緊急署名:原発『テロ対策施設』猶予期間のさらなる延長に反対

一次締切:2026年3月25日👉3月26日の午後、提出予定

いま、日本の原発の安全を左右する重大なルールが、私たちの知らないところで「骨抜き」にされようとしています。

福島第一原発事故後、原発の規制が見直され、テロ攻撃などの航空機の衝突に備える「特重施設(特定重大事故等対処施設、いわゆる「テロ対策施設」)」の設置が義務付けられました。本来、この施設がない状態での原発の運転は認められないはずですが、「建設に時間がかかる」という事業者の事情を考慮し、特別に「5年間」という期限付きの猶予が認められてきました。

この猶予期間が、さらに延長されようとしています。緩和を目立たなくするため、「5年間」の起点を、後ろ倒しにすることも言及されています。
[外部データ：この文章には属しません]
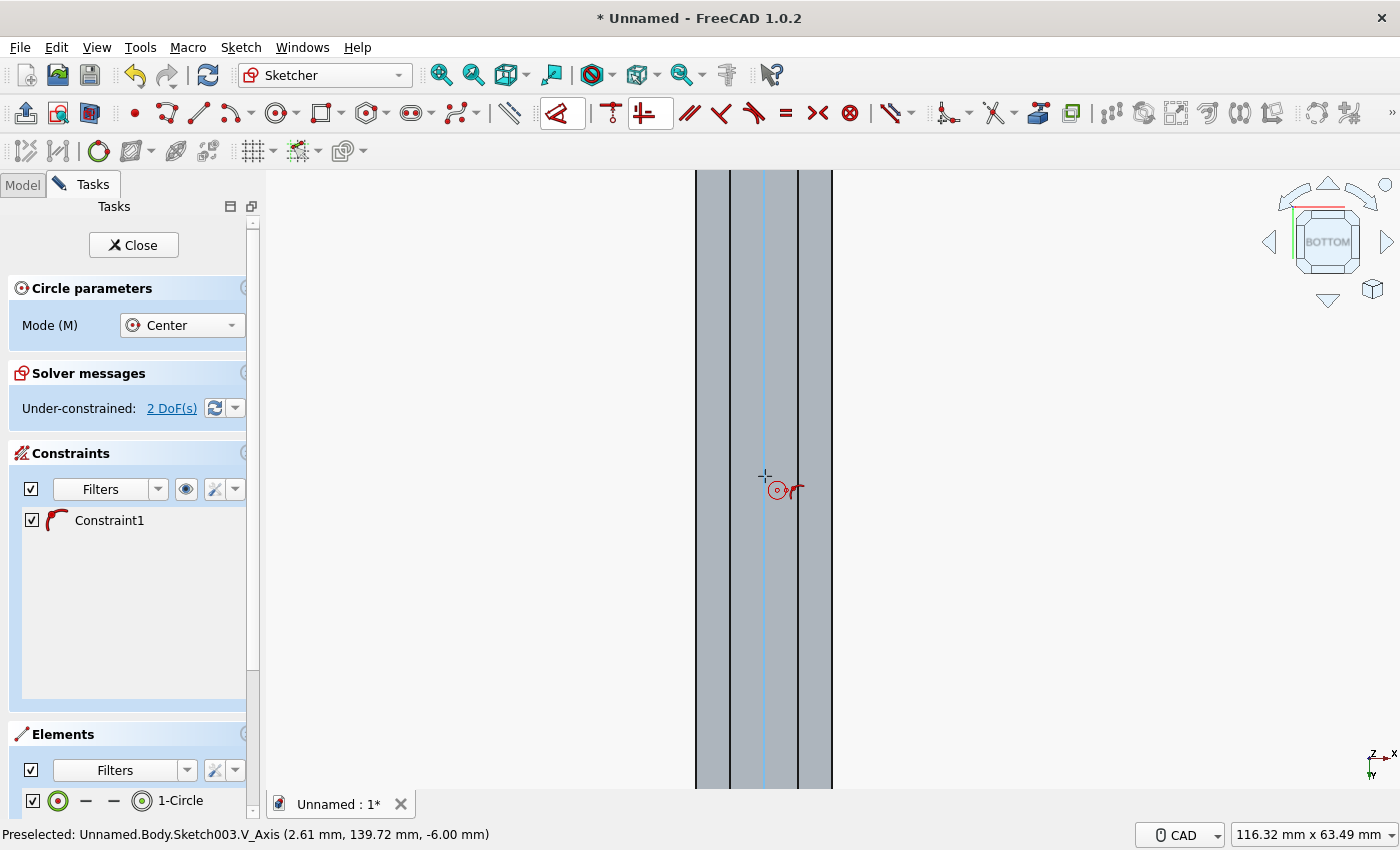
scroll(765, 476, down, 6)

安全上必要だからとして導入した規制を、事業者側の都合でどんどん緩めてしまってよいのでしょうか。

ただでさえ、不安定化する国際情勢の中、原発へのテロや攻撃のリスクは高まっていることも忘れてはなりません。

私たちは原子力規制委員会に対して、「特重施設」の猶予期間を延長しないように要請したいと思います。ぜひ署名と拡散にご協力ください。

以下、提出を予定している要請書の文案です。

原子力規制委員会委員長 山中 伸介 様

要請書:特重施設(テロ対策施設)について経過措置期間の延長を認めるべきではない

【要旨】

原子力規制委員会は、特定重大事故等対処施設(特重施設、いわゆる「テロ対策施設」)の設置期限(経過措置期間)について、始点の変更を含め、実質的な延長につながるいかなる検討も行うべきではありません。事業者による工事に時間がかかることを理由に規制を緩めることは、福島第一原発事故の教訓を踏まえて「バックフィット(新基準の遡及適用)」の精神を根底から覆すものです。

【背景】

特重施設の重要性と「5年」の猶予について

 特定重大事故等対処施設は、「故意による大型航空機の衝突その他テロリズムにより、炉心の著しい損傷が発生するおそれがある場合などにおいても、原子炉圧力容器の破損による敷地外への放射性物質の異常な水準の放出を抑制するための施設」として、新規制基準において設置が義務付けられた施設です。本来、設置なしでの稼働は認められないはずですが、本体施設の設計及び工事計画認可(設工認)から5年間の「経過措置期間」が設けられました。この5年間は、特重施設がなくても原発の稼働ができてしまいます。5年を経過しても特重施設が完成しない場合、原発を止めなくてはなりません。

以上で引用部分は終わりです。